This might change in a future version of Git, but for now the
problem is handled by explicitly spelling out refs/tags/v1.6.0, as described in refs and symrefs of Chapter 6:

    $ git pull -s ours ~/git.git refs/tags/v1.6.0
    warning: no common commits
    remote: Counting objects: 67034, done.
    remote: Compressing objects: 100% (19135/19135), done.
    remote: Total 67034 (delta 47938), reused 65706 (delta 46656)
    Receiving objects: 100% (67034/67034), 14.33 MiB | 12587 KiB/s, done.
    Resolving deltas: 100% (47938/47938), done.
    From ~/git.git
     * tag               v1.6.0     -> FETCH_HEAD
    Merge made by ours.

If all the v1.6.0 files were
already committed, then you might think there was no work left to do. On
the contrary, Git just imported the entire history
of git.git up to v1.6.0, so even though the files are the same
as before, our repository is now a lot more complete. Just to be sure,
let’s just check that the merge commit we just created didn’t really
change any files:

    $ git diff HEAD^ HEAD

You shouldn’t get any output from this command, which means the
files before and after the merge are exactly the same. Good.
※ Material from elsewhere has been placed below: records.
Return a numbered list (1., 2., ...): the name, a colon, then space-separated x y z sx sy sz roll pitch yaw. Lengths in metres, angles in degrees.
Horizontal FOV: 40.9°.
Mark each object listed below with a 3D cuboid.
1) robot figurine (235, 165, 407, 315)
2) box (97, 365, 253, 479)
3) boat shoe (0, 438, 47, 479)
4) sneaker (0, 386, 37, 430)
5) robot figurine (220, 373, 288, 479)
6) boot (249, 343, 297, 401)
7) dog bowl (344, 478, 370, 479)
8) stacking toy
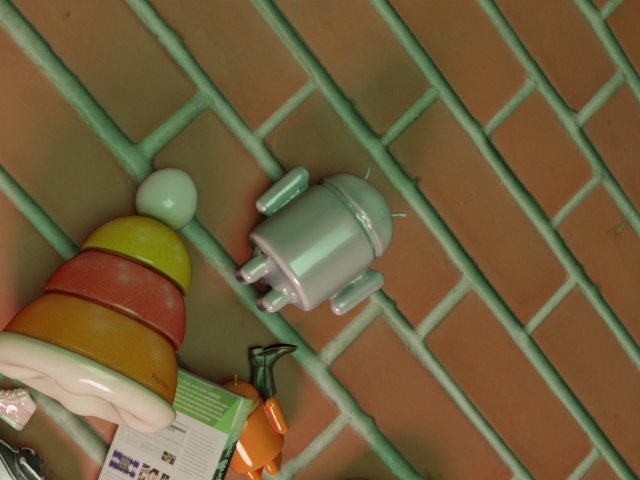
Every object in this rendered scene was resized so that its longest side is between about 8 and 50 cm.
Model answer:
1. robot figurine: 0.000 0.000 1.705 0.353 0.200 0.300 -36 97 -13
2. box: -0.289 0.411 1.640 0.232 0.058 0.322 20 88 22
3. boat shoe: -0.566 0.434 1.595 0.301 0.108 0.102 53 44 -4
4. sneaker: -0.589 0.289 1.596 0.134 0.051 0.070 44 78 -21
5. robot figurine: -0.157 0.376 1.719 0.128 0.158 0.219 -37 107 -36
6. boot: -0.096 0.275 1.779 0.106 0.037 0.114 -5 93 -6
7. dog bowl: 0.084 0.657 1.841 0.264 0.104 0.265 -2 95 -20
8. stacking toy: -0.347 0.080 1.579 0.350 0.350 0.480 31 65 -19
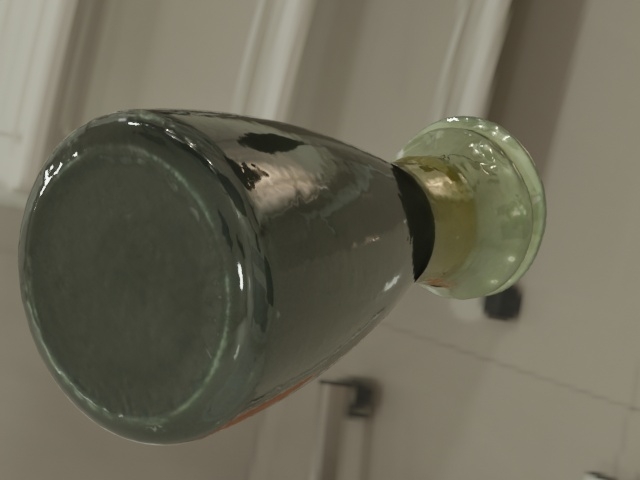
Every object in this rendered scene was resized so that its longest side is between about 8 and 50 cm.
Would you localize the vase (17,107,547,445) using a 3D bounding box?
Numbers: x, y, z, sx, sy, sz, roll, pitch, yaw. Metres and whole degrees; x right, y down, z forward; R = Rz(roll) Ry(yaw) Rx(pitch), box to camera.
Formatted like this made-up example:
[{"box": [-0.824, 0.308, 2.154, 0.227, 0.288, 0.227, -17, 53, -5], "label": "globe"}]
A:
[{"box": [0.000, 0.000, 1.003, 0.173, 0.321, 0.173, 8, 103, 38], "label": "vase"}]
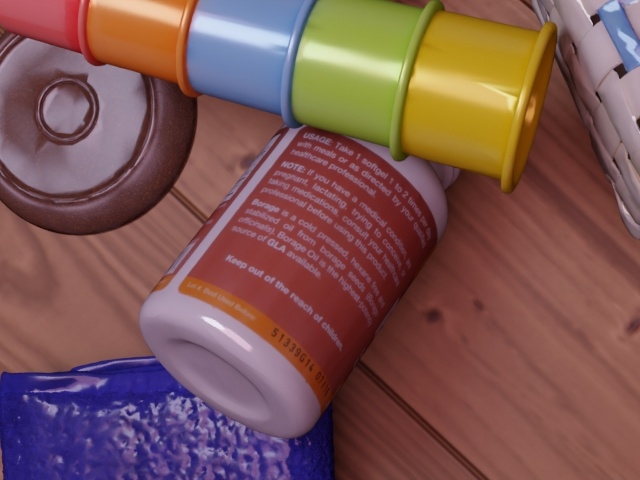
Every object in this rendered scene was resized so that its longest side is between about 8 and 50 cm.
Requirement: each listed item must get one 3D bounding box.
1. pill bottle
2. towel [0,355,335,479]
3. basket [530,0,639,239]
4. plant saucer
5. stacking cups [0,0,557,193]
[{"bbox_3d":[0.000,0.000,0.797,0.121,0.121,0.216,31,65,12],"label":"pill bottle"},{"bbox_3d":[-0.094,0.229,0.868,0.228,0.076,0.308,-3,85,16],"label":"towel"},{"bbox_3d":[0.277,-0.131,0.729,0.289,0.201,0.255,-22,75,-2],"label":"basket"},{"bbox_3d":[-0.169,-0.088,0.920,0.168,0.029,0.168,-1,86,12],"label":"plant saucer"},{"bbox_3d":[-0.034,-0.113,0.739,0.316,0.096,0.096,17,91,10],"label":"stacking cups"}]

Now let’s see what happens if we make some local changes to our
subproject and then try to upgrade it later. First, make a simple
change:

    $ cd git

    $ echo 'I am a git contributor!' > contribution.txt

    $ git add contribution.txt

    $ git commit -m 'My first contribution to git'
    Created commit 6c9fac5: My first contribution to git
     1 files changed, 1 insertions(+), 0 deletions(-)
     create mode 100644 git/contribution.txt

Our version of the Git subproject is now v1.6.0 with an extra patch.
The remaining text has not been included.